### THE PROBLEM
There is one span to output from the data below: the lines starting at the line with "for name, color, linetype" and ending at the line with "msp = doc.modelspace()". Output it exactly, ends included, nothing more.

### DATA EXTRACT
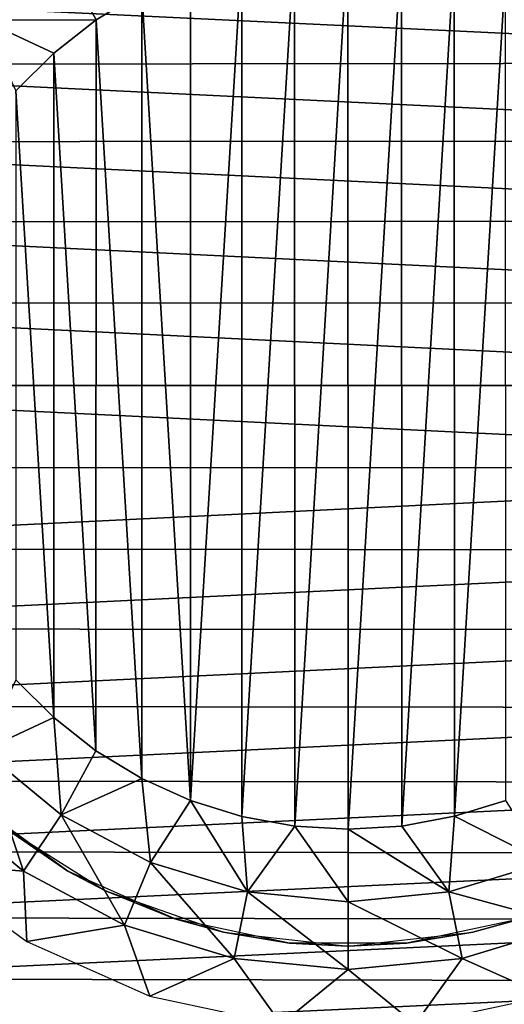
# Model space of a CAD drawing. Header units: millimetres. Extents: x -12 to 12, y -11.9 to 11.9.
# Tile 5 of 7: x -3.5 to 1.7, y -6.6 to 3.9. Entities that reach past the tile are written whole.
import ezdxf

# ---------------------------------------------------------------- set-up
doc = ezdxf.new("R2010")
doc.units = ezdxf.units.MM
doc.header["$LTSCALE"] = 101.851852
for name, color, linetype in [('15', 7, 'CONTINUOUS'), ('16', 7, 'CONTINUOUS'), ('17', 7, 'CONTINUOUS'), ('20', 7, 'CONTINUOUS'), ('5', 7, 'CONTINUOUS'), ('7', 7, 'CONTINUOUS')]:
    doc.layers.add(name, color=color, linetype=linetype)

msp = doc.modelspace()

# ---------------------------------------------------------------- linework, layer by layer
at = {"layer": '15', "color": 7, "linetype": 'CONTINUOUS'}
msp.add_3dface([(-3.368, -6.98, 27.5), (-3.875, -6.712, 32.5), (-4.36, -6.407, 27.5), (-3.368, -6.98, 27.5)], dxfattribs=at)
at = {"layer": '16', "color": 7, "linetype": 'CONTINUOUS'}
for points in [[(-3.908, 3.908, 35.398), (-3.07, 4.595, 35.398), (-4.42, 4.42, 35.098), (-3.908, 3.908, 35.398)], [(-3.908, 3.908, 35.398), (-2.697, 3.91, 35.5), (-3.07, 4.595, 35.398), (-3.908, 3.908, 35.398)], [(-2.697, 3.91, 35.5), (-2.207, 4.206, 35.5), (-3.07, 4.595, 35.398), (-2.697, 3.91, 35.5)], [(-3.149, 3.556, 35.5), (-2.697, 3.91, 35.5), (-3.908, 3.908, 35.398), (-3.149, 3.556, 35.5)], [(-3.554, 3.151, 35.5), (-3.149, 3.556, 35.5), (-3.908, 3.908, 35.398), (-3.554, 3.151, 35.5)]]:
    msp.add_3dface(points, dxfattribs=at)
at = {"layer": '17', "color": 7, "linetype": 'CONTINUOUS'}
for points in [[(-3.15, -3.555, 35.5), (-3.555, -3.15, 35.5), (-3.908, -3.908, 35.398), (-3.15, -3.555, 35.5)], [(-3.07, -4.595, 35.398), (-3.15, -3.555, 35.5), (-3.908, -3.908, 35.398), (-3.07, -4.595, 35.398)], [(-2.698, -3.909, 35.5), (-3.15, -3.555, 35.5), (-3.07, -4.595, 35.398), (-2.698, -3.909, 35.5)], [(-3.473, -5.197, 35.098), (-3.908, -3.908, 35.398), (-4.42, -4.42, 35.098), (-3.473, -5.197, 35.098)], [(-3.07, -4.595, 35.398), (-3.908, -3.908, 35.398), (-3.473, -5.197, 35.098), (-3.07, -4.595, 35.398)], [(-2.208, -4.206, 35.5), (-2.698, -3.909, 35.5), (-3.07, -4.595, 35.398), (-2.208, -4.206, 35.5)], [(-2.115, -5.106, 35.398), (-2.208, -4.206, 35.5), (-3.07, -4.595, 35.398), (-2.115, -5.106, 35.398)], [(-1.685, -4.441, 35.5), (-2.208, -4.206, 35.5), (-2.115, -5.106, 35.398), (-1.685, -4.441, 35.5)], [(-3.473, -5.197, 35.098), (-4.42, -4.42, 35.098), (-4.598, -5.106, 34.621), (-3.473, -5.197, 35.098)], [(-1.078, -5.42, 35.398), (-1.685, -4.441, 35.5), (-2.115, -5.106, 35.398), (-1.078, -5.42, 35.398)], [(-1.136, -4.612, 35.5), (-1.685, -4.441, 35.5), (-1.078, -5.42, 35.398), (-1.136, -4.612, 35.5)], [(1.686, -4.441, 35.5), (1.139, -4.611, 35.5), (2.115, -5.106, 35.398), (1.686, -4.441, 35.5)], [(-2.392, -5.775, 35.098), (-3.07, -4.595, 35.398), (-3.473, -5.197, 35.098), (-2.392, -5.775, 35.098)], [(-2.115, -5.106, 35.398), (-3.07, -4.595, 35.398), (-2.392, -5.775, 35.098), (-2.115, -5.106, 35.398)], [(-0.571, -4.716, 35.5), (-1.136, -4.612, 35.5), (-1.078, -5.42, 35.398), (-0.571, -4.716, 35.5)], [(1.139, -4.611, 35.5), (0.575, -4.715, 35.5), (1.078, -5.42, 35.398), (1.139, -4.611, 35.5)], [(2.115, -5.106, 35.398), (1.139, -4.611, 35.5), (1.078, -5.42, 35.398), (2.115, -5.106, 35.398)], [(0, -5.526, 35.398), (-0.571, -4.716, 35.5), (-1.078, -5.42, 35.398), (0, -5.526, 35.398)], [(0.002, -4.75, 35.5), (-0.571, -4.716, 35.5), (0, -5.526, 35.398), (0.002, -4.75, 35.5)], [(0.575, -4.715, 35.5), (0.002, -4.75, 35.5), (1.078, -5.42, 35.398), (0.575, -4.715, 35.5)], [(1.078, -5.42, 35.398), (0.002, -4.75, 35.5), (0, -5.526, 35.398), (1.078, -5.42, 35.398)], [(-3.436, -5.951, 34.621), (-3.473, -5.197, 35.098), (-4.598, -5.106, 34.621), (-3.436, -5.951, 34.621)], [(-1.219, -6.131, 35.098), (-2.115, -5.106, 35.398), (-2.392, -5.775, 35.098), (-1.219, -6.131, 35.098)], [(-1.078, -5.42, 35.398), (-2.115, -5.106, 35.398), (-1.219, -6.131, 35.098), (-1.078, -5.42, 35.398)], [(2.115, -5.106, 35.398), (1.078, -5.42, 35.398), (2.392, -5.775, 35.098), (2.115, -5.106, 35.398)], [(-2.392, -5.775, 35.098), (-3.473, -5.197, 35.098), (-3.436, -5.951, 34.621), (-2.392, -5.775, 35.098)], [(0, -6.251, 35.098), (-1.078, -5.42, 35.398), (-1.219, -6.131, 35.098), (0, -6.251, 35.098)], [(0, -5.526, 35.398), (-1.078, -5.42, 35.398), (0, -6.251, 35.098), (0, -5.526, 35.398)], [(1.078, -5.42, 35.398), (0, -5.526, 35.398), (1.219, -6.131, 35.098), (1.078, -5.42, 35.398)], [(2.392, -5.775, 35.098), (1.078, -5.42, 35.398), (1.219, -6.131, 35.098), (2.392, -5.775, 35.098)], [(1.219, -6.131, 35.098), (0, -5.526, 35.398), (0, -6.251, 35.098), (1.219, -6.131, 35.098)], [(-2.123, -6.535, 34.621), (-2.392, -5.775, 35.098), (-3.436, -5.951, 34.621), (-2.123, -6.535, 34.621)], [(-1.219, -6.131, 35.098), (-2.392, -5.775, 35.098), (-2.123, -6.535, 34.621), (-1.219, -6.131, 35.098)], [(2.392, -5.775, 35.098), (1.219, -6.131, 35.098), (2.123, -6.535, 34.621), (2.392, -5.775, 35.098)], [(-0.718, -6.834, 34.621), (-1.219, -6.131, 35.098), (-2.123, -6.535, 34.621), (-0.718, -6.834, 34.621)], [(0, -6.251, 35.098), (-1.219, -6.131, 35.098), (-0.718, -6.834, 34.621), (0, -6.251, 35.098)], [(1.219, -6.131, 35.098), (0, -6.251, 35.098), (0.718, -6.834, 34.621), (1.219, -6.131, 35.098)], [(2.123, -6.535, 34.621), (1.219, -6.131, 35.098), (0.718, -6.834, 34.621), (2.123, -6.535, 34.621)], [(0.718, -6.834, 34.621), (0, -6.251, 35.098), (-0.718, -6.834, 34.621), (0.718, -6.834, 34.621)]]:
    msp.add_3dface(points, dxfattribs=at)
at = {"layer": '20', "color": 3, "linetype": 'CONTINUOUS'}
for points in [[(-7.944, 4.23, -1518.5), (8.312, 3.45, -1518.5), (-8.319, 3.434, -1518.5), (-7.944, 4.23, -1518.5)], [(7.933, 4.25, -1518.5), (8.312, 3.45, -1518.5), (-7.944, 4.23, -1518.5), (7.933, 4.25, -1518.5)], [(-8.319, 3.434, -1518.5), (8.611, 2.617, -1518.5), (-8.615, 2.605, -1518.5), (-8.319, 3.434, -1518.5)], [(8.312, 3.45, -1518.5), (8.611, 2.617, -1518.5), (-8.319, 3.434, -1518.5), (8.312, 3.45, -1518.5)], [(-8.615, 2.605, -1518.5), (8.826, 1.759, -1518.5), (-8.828, 1.75, -1518.5), (-8.615, 2.605, -1518.5)], [(8.611, 2.617, -1518.5), (8.826, 1.759, -1518.5), (-8.615, 2.605, -1518.5), (8.611, 2.617, -1518.5)], [(-8.828, 1.75, -1518.5), (8.956, 0.884, -1518.5), (-8.957, 0.879, -1518.5), (-8.828, 1.75, -1518.5)], [(8.826, 1.759, -1518.5), (8.956, 0.884, -1518.5), (-8.828, 1.75, -1518.5), (8.826, 1.759, -1518.5)], [(-8.957, 0.879, -1518.5), (9, 0, -1518.5), (-9, 0, -1518.5), (-8.957, 0.879, -1518.5)], [(8.956, 0.884, -1518.5), (9, 0, -1518.5), (-8.957, 0.879, -1518.5), (8.956, 0.884, -1518.5)], [(-8.957, -0.879, -1518.5), (-9, 0, -1518.5), (8.956, -0.884, -1518.5), (-8.957, -0.879, -1518.5)], [(-9, 0, -1518.5), (9, 0, -1518.5), (8.956, -0.884, -1518.5), (-9, 0, -1518.5)], [(-8.828, -1.751, -1518.5), (-8.957, -0.879, -1518.5), (8.956, -0.884, -1518.5), (-8.828, -1.751, -1518.5)], [(8.826, -1.759, -1518.5), (-8.828, -1.751, -1518.5), (8.956, -0.884, -1518.5), (8.826, -1.759, -1518.5)], [(-8.615, -2.605, -1518.5), (-8.828, -1.751, -1518.5), (8.826, -1.759, -1518.5), (-8.615, -2.605, -1518.5)], [(8.611, -2.617, -1518.5), (-8.615, -2.605, -1518.5), (8.826, -1.759, -1518.5), (8.611, -2.617, -1518.5)], [(-8.319, -3.434, -1518.5), (-8.615, -2.605, -1518.5), (8.611, -2.617, -1518.5), (-8.319, -3.434, -1518.5)], [(8.312, -3.45, -1518.5), (-8.319, -3.434, -1518.5), (8.611, -2.617, -1518.5), (8.312, -3.45, -1518.5)], [(-7.944, -4.231, -1518.5), (-8.319, -3.434, -1518.5), (8.312, -3.45, -1518.5), (-7.944, -4.231, -1518.5)], [(7.933, -4.25, -1518.5), (-7.944, -4.231, -1518.5), (8.312, -3.45, -1518.5), (7.933, -4.25, -1518.5)], [(-7.492, -4.987, -1518.5), (-7.944, -4.231, -1518.5), (7.933, -4.25, -1518.5), (-7.492, -4.987, -1518.5)], [(7.478, -5.009, -1518.5), (-7.492, -4.987, -1518.5), (7.933, -4.25, -1518.5), (7.478, -5.009, -1518.5)], [(-6.969, -5.695, -1518.5), (-7.492, -4.987, -1518.5), (7.478, -5.009, -1518.5), (-6.969, -5.695, -1518.5)], [(6.949, -5.719, -1518.5), (-6.969, -5.695, -1518.5), (7.478, -5.009, -1518.5), (6.949, -5.719, -1518.5)], [(-6.379, -6.349, -1518.5), (-6.969, -5.695, -1518.5), (6.949, -5.719, -1518.5), (-6.379, -6.349, -1518.5)], [(6.354, -6.374, -1518.5), (-6.379, -6.349, -1518.5), (6.949, -5.719, -1518.5), (6.354, -6.374, -1518.5)], [(-5.728, -6.942, -1518.5), (-6.379, -6.349, -1518.5), (6.354, -6.374, -1518.5), (-5.728, -6.942, -1518.5)], [(5.698, -6.967, -1518.5), (-5.728, -6.942, -1518.5), (6.354, -6.374, -1518.5), (5.698, -6.967, -1518.5)]]:
    msp.add_3dface(points, dxfattribs=at)
at = {"layer": '5', "color": 7, "linetype": 'CONTINUOUS'}
for points in [[(-0.002, 4.75, 35.5), (-0.575, 4.715, 35.5), (-0.571, -4.716, 35.5), (-0.002, 4.75, 35.5)], [(0.002, -4.75, 35.5), (-0.002, 4.75, 35.5), (-0.571, -4.716, 35.5), (0.002, -4.75, 35.5)], [(0.571, 4.716, 35.5), (-0.002, 4.75, 35.5), (0.002, -4.75, 35.5), (0.571, 4.716, 35.5)], [(-0.575, 4.715, 35.5), (-1.139, 4.611, 35.5), (-1.136, -4.612, 35.5), (-0.575, 4.715, 35.5)], [(-0.571, -4.716, 35.5), (-0.575, 4.715, 35.5), (-1.136, -4.612, 35.5), (-0.571, -4.716, 35.5)], [(0.575, -4.715, 35.5), (0.571, 4.716, 35.5), (0.002, -4.75, 35.5), (0.575, -4.715, 35.5)], [(1.136, 4.612, 35.5), (0.571, 4.716, 35.5), (0.575, -4.715, 35.5), (1.136, 4.612, 35.5)], [(-1.139, 4.611, 35.5), (-1.686, 4.441, 35.5), (-1.685, -4.441, 35.5), (-1.139, 4.611, 35.5)], [(-1.136, -4.612, 35.5), (-1.139, 4.611, 35.5), (-1.685, -4.441, 35.5), (-1.136, -4.612, 35.5)], [(1.139, -4.611, 35.5), (1.136, 4.612, 35.5), (0.575, -4.715, 35.5), (1.139, -4.611, 35.5)], [(1.685, 4.441, 35.5), (1.136, 4.612, 35.5), (1.139, -4.611, 35.5), (1.685, 4.441, 35.5)], [(-1.686, 4.441, 35.5), (-2.207, 4.206, 35.5), (-1.685, -4.441, 35.5), (-1.686, 4.441, 35.5)], [(1.686, -4.441, 35.5), (1.685, 4.441, 35.5), (1.139, -4.611, 35.5), (1.686, -4.441, 35.5)], [(-2.207, 4.206, 35.5), (-2.697, 3.91, 35.5), (-2.208, -4.206, 35.5), (-2.207, 4.206, 35.5)], [(-1.685, -4.441, 35.5), (-2.207, 4.206, 35.5), (-2.208, -4.206, 35.5), (-1.685, -4.441, 35.5)], [(-2.697, 3.91, 35.5), (-3.149, 3.556, 35.5), (-2.698, -3.909, 35.5), (-2.697, 3.91, 35.5)], [(-2.208, -4.206, 35.5), (-2.697, 3.91, 35.5), (-2.698, -3.909, 35.5), (-2.208, -4.206, 35.5)], [(-3.149, 3.556, 35.5), (-3.554, 3.151, 35.5), (-3.15, -3.555, 35.5), (-3.149, 3.556, 35.5)], [(-2.698, -3.909, 35.5), (-3.149, 3.556, 35.5), (-3.15, -3.555, 35.5), (-2.698, -3.909, 35.5)], [(-3.15, -3.555, 35.5), (-3.554, 3.151, 35.5), (-3.555, -3.15, 35.5), (-3.15, -3.555, 35.5)]]:
    msp.add_3dface(points, dxfattribs=at)
at = {"layer": '7', "color": 7, "linetype": 'CONTINUOUS'}
for points in [[(-4.014, -4.459, 21.5), (-3.739, -4.692, 20.5), (-2.999, -5.197, 21.5), (-4.014, -4.459, 21.5)], [(-3.739, -4.692, 20.5), (-2.603, -5.406, 20.5), (-2.999, -5.197, 21.5), (-3.739, -4.692, 20.5)], [(-2.999, -5.197, 21.5), (-2.603, -5.406, 20.5), (-1.853, -5.707, 21.5), (-2.999, -5.197, 21.5)], [(-2.603, -5.406, 20.5), (-1.335, -5.85, 20.5), (-1.853, -5.707, 21.5), (-2.603, -5.406, 20.5)], [(1.334, -5.85, 20.5), (1.981, -5.664, 20.5), (1.853, -5.707, 21.5), (1.334, -5.85, 20.5)], [(-1.853, -5.707, 21.5), (-1.335, -5.85, 20.5), (-0.628, -5.967, 21.5), (-1.853, -5.707, 21.5)], [(0.626, -5.967, 21.5), (1.334, -5.85, 20.5), (1.853, -5.707, 21.5), (0.626, -5.967, 21.5)], [(-1.335, -5.85, 20.5), (-0.001, -6, 20.5), (-0.628, -5.967, 21.5), (-1.335, -5.85, 20.5)], [(-0.001, -6, 20.5), (1.334, -5.85, 20.5), (0.626, -5.967, 21.5), (-0.001, -6, 20.5)], [(-0.628, -5.967, 21.5), (-0.001, -6, 20.5), (0.626, -5.967, 21.5), (-0.628, -5.967, 21.5)]]:
    msp.add_3dface(points, dxfattribs=at)

doc.saveas('drawing.dxf')

### WRITTEN ANSWER
for name, color, linetype in [('15', 7, 'CONTINUOUS'), ('16', 7, 'CONTINUOUS'), ('17', 7, 'CONTINUOUS'), ('20', 7, 'CONTINUOUS'), ('5', 7, 'CONTINUOUS'), ('7', 7, 'CONTINUOUS')]:
    doc.layers.add(name, color=color, linetype=linetype)

msp = doc.modelspace()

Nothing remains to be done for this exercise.